A review by brice_mo
Good Dress by Brittany Rogers

4.0

Thanks to NetGalley and Tin House Press for the ARC!

Brittany Rogers’s Good Dress is a wonderful debut collection, sustained by the feeling of end-of-summer reflection—those final days where one is uncertain whether the sun will sweeten or sour memory.

There’s a lot to admire here, particularly because Rogers covers so much thematic ground without the book ever feeling unfocused. Broadly speaking, each of the themes touch on a coming-of-age experience, but they coalesce because the writing seems so rightfully self-assured. We see nostalgia without cliché, and it’s immensely satisfying to follow a speaker who is in the pocket, simultaneously feeling herself while grieving what it took to get to that point.

Poems often live or die based on their turns, and Rogers maintains such enigmatic precision in how she does so, both stylistically and thematically. She clearly has a well-honed skill and a gift, and it feels almost mysterious to watch her pull so many disparate elements into conversation. She dances between archaic forms and register and hip-hop-tinged looseness, and she pivots effortlessly between sensorial descriptions of food and existential abstractions. These are poems that make you want to eat at a cookout before suddenly satiating that hunger with symbolic meaning.

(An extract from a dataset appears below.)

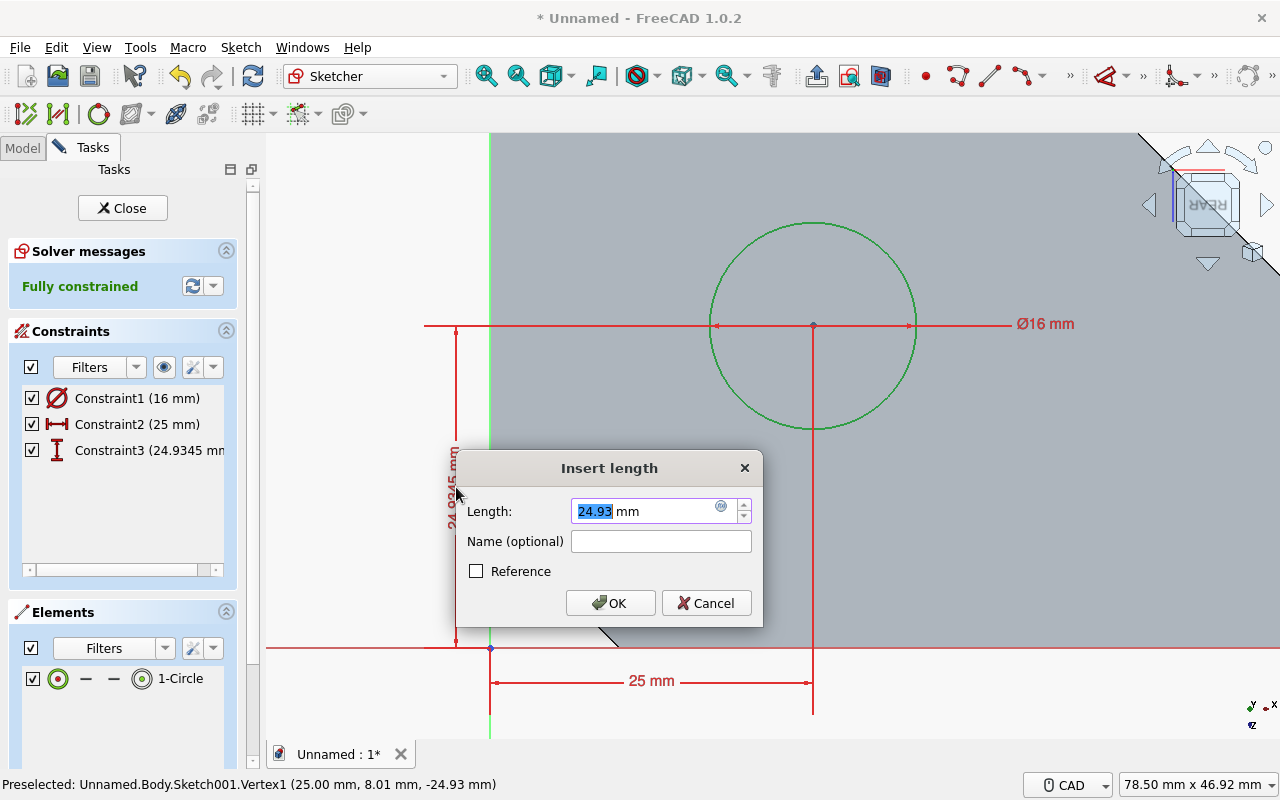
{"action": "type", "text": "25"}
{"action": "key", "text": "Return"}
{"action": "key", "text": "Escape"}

I suspect different readers will gravitate toward different parts of the book, but I love the poems that wrestle with the distance between a public, documented self and a private self. Through repeated interludes from the Detroit Public Library—like an explanation of debt—or therapy-related documentation like “Intake Form,” the speaker presses against the constraints of “official” language, often allowing readers to see the space between a factual explanation and a truthful explanation. To me, these poems encapsulate the book's core.

Good Dress is so thoughtful about the ways society tries to simplify Black women, and Rogers offer the counterpoint of complexity at every turn.